START ENTRIES SHOWN

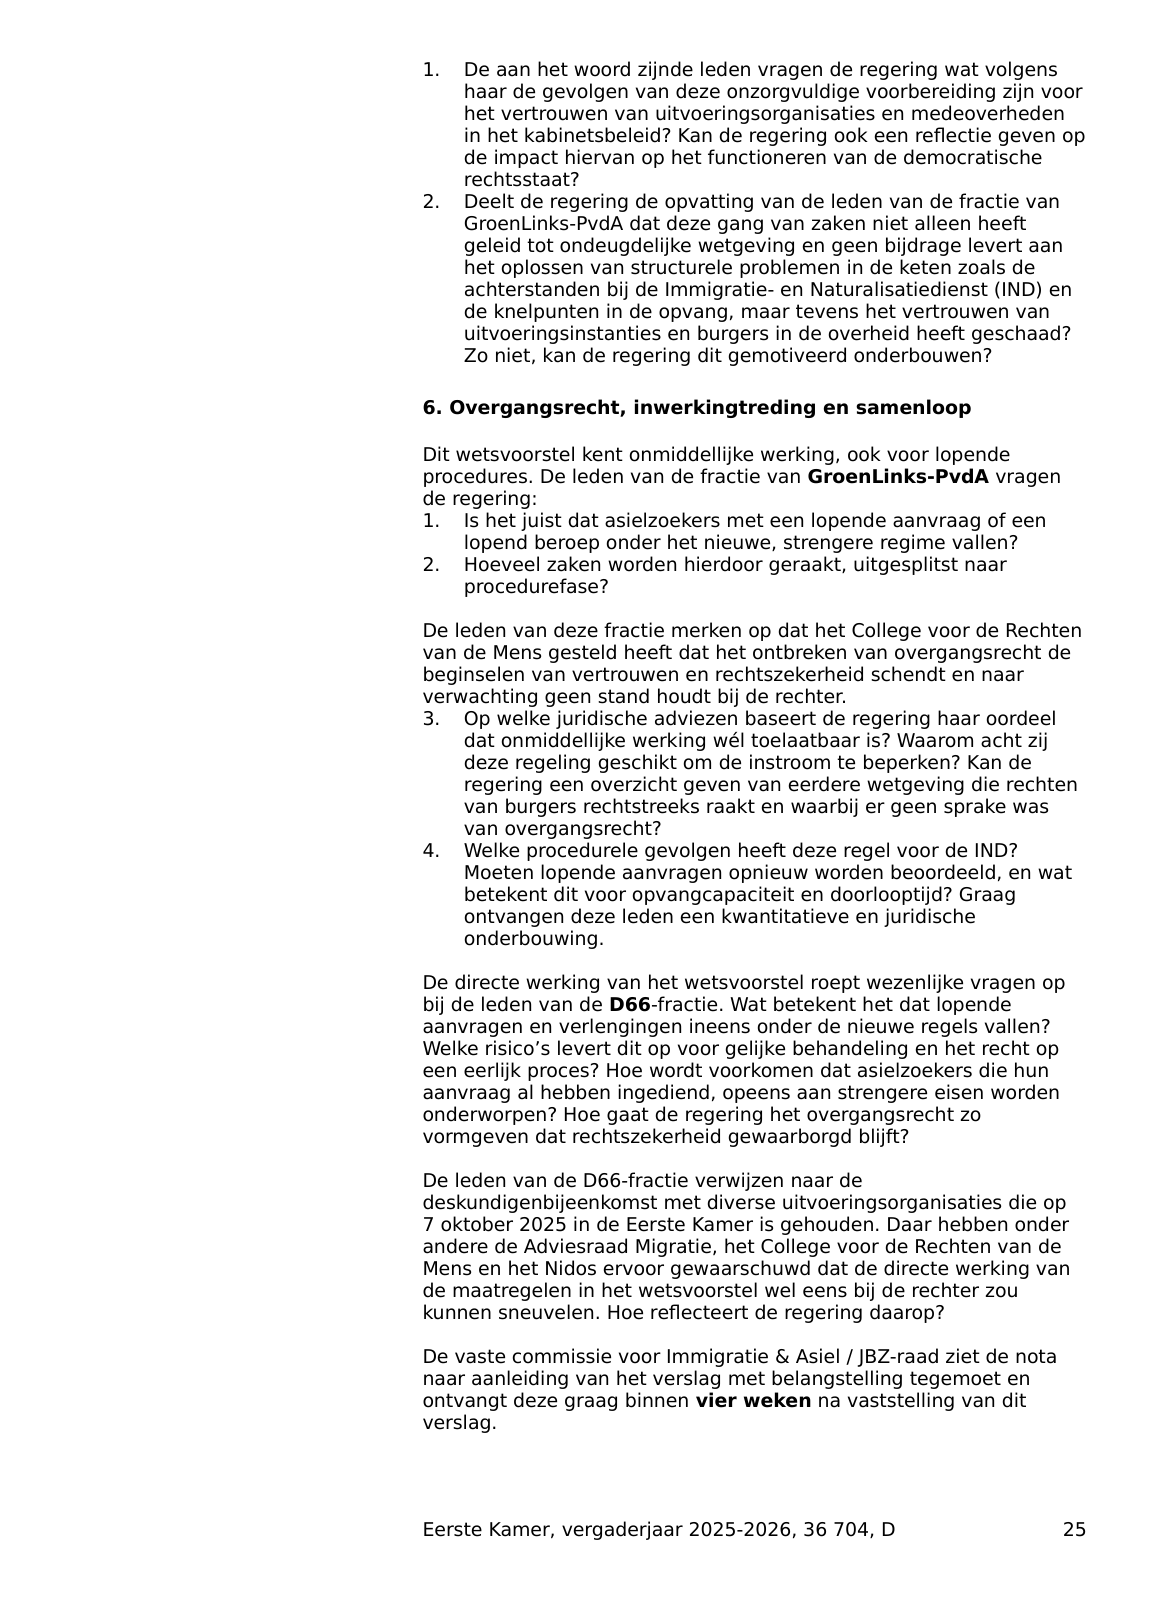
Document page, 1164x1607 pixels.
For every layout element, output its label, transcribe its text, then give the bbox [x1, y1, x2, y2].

subtitle 6. Overgangsrecht, inwerkingtreding en samenloop [422, 397, 1087, 419]
text Dit wetsvoorstel kent onmiddellijke werking, ook voor lopende procedures. De leden van de fractie van GroenLinks-PvdA vragen de regering: [422, 444, 1087, 510]
text De leden van deze fractie merken op dat het College voor de Rechten van de Mens gesteld heeft dat het ontbreken van overgangsrecht de beginselen van vertrouwen en rechtszekerheid schendt en naar verwachting geen stand houdt bij de rechter. [422, 620, 1087, 708]
text De directe werking van het wetsvoorstel roept wezenlijke vragen op bij de leden van de D66-fractie. Wat betekent het dat lopende aanvragen en verlengingen ineens onder de nieuwe regels vallen? Welke risico’s levert dit op voor gelijke behandeling en het recht op een eerlijk proces? Hoe wordt voorkomen dat asielzoekers die hun aanvraag al hebben ingediend, opeens aan strengere eisen worden onderworpen? Hoe gaat de regering het overgangsrecht zo vormgeven dat rechtszekerheid gewaarborgd blijft? [422, 972, 1087, 1147]
text 3. Op welke juridische adviezen baseert de regering haar oordeel dat onmiddellijke werking wél toelaatbaar is? Waarom acht zij deze regeling geschikt om de instroom te beperken? Kan de regering een overzicht geven van eerdere wetgeving die rechten van burgers rechtstreeks raakt en waarbij er geen sprake was van overgangsrecht? [422, 708, 1087, 839]
text 2. Deelt de regering de opvatting van de leden van de fractie van GroenLinks-PvdA dat deze gang van zaken niet alleen heeft geleid tot ondeugdelijke wetgeving en geen bijdrage levert aan het oplossen van structurele problemen in de keten zoals de achterstanden bij de Immigratie- en Naturalisatiedienst (IND) en de knelpunten in de opvang, maar tevens het vertrouwen van uitvoeringsinstanties en burgers in de overheid heeft geschaad? Zo niet, kan de regering dit gemotiveerd onderbouwen? [422, 191, 1087, 367]
text 4. Welke procedurele gevolgen heeft deze regel voor de IND? Moeten lopende aanvragen opnieuw worden beoordeeld, en wat betekent dit voor opvangcapaciteit en doorlooptijd? Graag ontvangen deze leden een kwantitatieve en juridische onderbouwing. [422, 839, 1087, 949]
text De leden van de D66-fractie verwijzen naar de deskundigenbijeenkomst met diverse uitvoeringsorganisaties die op 7 oktober 2025 in de Eerste Kamer is gehouden. Daar hebben onder andere de Adviesraad Migratie, het College voor de Rechten van de Mens en het Nidos ervoor gewaarschuwd dat de directe werking van de maatregelen in het wetsvoorstel wel eens bij de rechter zou kunnen sneuvelen. Hoe reflecteert de regering daarop? [422, 1170, 1087, 1323]
text 2. Hoeveel zaken worden hierdoor geraakt, uitgesplitst naar procedurefase? [422, 554, 1087, 598]
text De vaste commissie voor Immigratie & Asiel / JBZ-raad ziet de nota naar aanleiding van het verslag met belangstelling tegemoet en ontvangt deze graag binnen vier weken na vaststelling van dit verslag. [422, 1346, 1087, 1434]
text 1. Is het juist dat asielzoekers met een lopende aanvraag of een lopend beroep onder het nieuwe, strengere regime vallen? [422, 510, 1087, 554]
text 1. De aan het woord zijnde leden vragen de regering wat volgens haar de gevolgen van deze onzorgvuldige voorbereiding zijn voor het vertrouwen van uitvoeringsorganisaties en medeoverheden in het kabinetsbeleid? Kan de regering ook een reflectie geven op de impact hiervan op het functioneren van de democratische rechtsstaat? [422, 59, 1087, 191]

END ENTRIES SHOWN

WHAT YOU WILL DO:
Reprint the whole listing above exactly, taking out the pictures.

YOUR RESPONSE:
Document page, 1164x1607 pixels.
For every layout element, output its label, transcribe its text, then give the bbox [x1, y1, x2, y2].

subtitle 6. Overgangsrecht, inwerkingtreding en samenloop [422, 397, 1087, 419]
text Dit wetsvoorstel kent onmiddellijke werking, ook voor lopende procedures. De leden van de fractie van GroenLinks-PvdA vragen de regering: [422, 444, 1087, 510]
text De leden van deze fractie merken op dat het College voor de Rechten van de Mens gesteld heeft dat het ontbreken van overgangsrecht de beginselen van vertrouwen en rechtszekerheid schendt en naar verwachting geen stand houdt bij de rechter. [422, 620, 1087, 708]
text De directe werking van het wetsvoorstel roept wezenlijke vragen op bij de leden van de D66-fractie. Wat betekent het dat lopende aanvragen en verlengingen ineens onder de nieuwe regels vallen? Welke risico’s levert dit op voor gelijke behandeling en het recht op een eerlijk proces? Hoe wordt voorkomen dat asielzoekers die hun aanvraag al hebben ingediend, opeens aan strengere eisen worden onderworpen? Hoe gaat de regering het overgangsrecht zo vormgeven dat rechtszekerheid gewaarborgd blijft? [422, 972, 1087, 1147]
text 3. Op welke juridische adviezen baseert de regering haar oordeel dat onmiddellijke werking wél toelaatbaar is? Waarom acht zij deze regeling geschikt om de instroom te beperken? Kan de regering een overzicht geven van eerdere wetgeving die rechten van burgers rechtstreeks raakt en waarbij er geen sprake was van overgangsrecht? [422, 708, 1087, 839]
text 2. Deelt de regering de opvatting van de leden van de fractie van GroenLinks-PvdA dat deze gang van zaken niet alleen heeft geleid tot ondeugdelijke wetgeving en geen bijdrage levert aan het oplossen van structurele problemen in de keten zoals de achterstanden bij de Immigratie- en Naturalisatiedienst (IND) en de knelpunten in de opvang, maar tevens het vertrouwen van uitvoeringsinstanties en burgers in de overheid heeft geschaad? Zo niet, kan de regering dit gemotiveerd onderbouwen? [422, 191, 1087, 367]
text 4. Welke procedurele gevolgen heeft deze regel voor de IND? Moeten lopende aanvragen opnieuw worden beoordeeld, en wat betekent dit voor opvangcapaciteit en doorlooptijd? Graag ontvangen deze leden een kwantitatieve en juridische onderbouwing. [422, 839, 1087, 949]
text De leden van de D66-fractie verwijzen naar de deskundigenbijeenkomst met diverse uitvoeringsorganisaties die op 7 oktober 2025 in de Eerste Kamer is gehouden. Daar hebben onder andere de Adviesraad Migratie, het College voor de Rechten van de Mens en het Nidos ervoor gewaarschuwd dat de directe werking van de maatregelen in het wetsvoorstel wel eens bij de rechter zou kunnen sneuvelen. Hoe reflecteert de regering daarop? [422, 1170, 1087, 1323]
text 2. Hoeveel zaken worden hierdoor geraakt, uitgesplitst naar procedurefase? [422, 554, 1087, 598]
text De vaste commissie voor Immigratie & Asiel / JBZ-raad ziet de nota naar aanleiding van het verslag met belangstelling tegemoet en ontvangt deze graag binnen vier weken na vaststelling van dit verslag. [422, 1346, 1087, 1434]
text 1. Is het juist dat asielzoekers met een lopende aanvraag of een lopend beroep onder het nieuwe, strengere regime vallen? [422, 510, 1087, 554]
text 1. De aan het woord zijnde leden vragen de regering wat volgens haar de gevolgen van deze onzorgvuldige voorbereiding zijn voor het vertrouwen van uitvoeringsorganisaties en medeoverheden in het kabinetsbeleid? Kan de regering ook een reflectie geven op de impact hiervan op het functioneren van de democratische rechtsstaat? [422, 59, 1087, 191]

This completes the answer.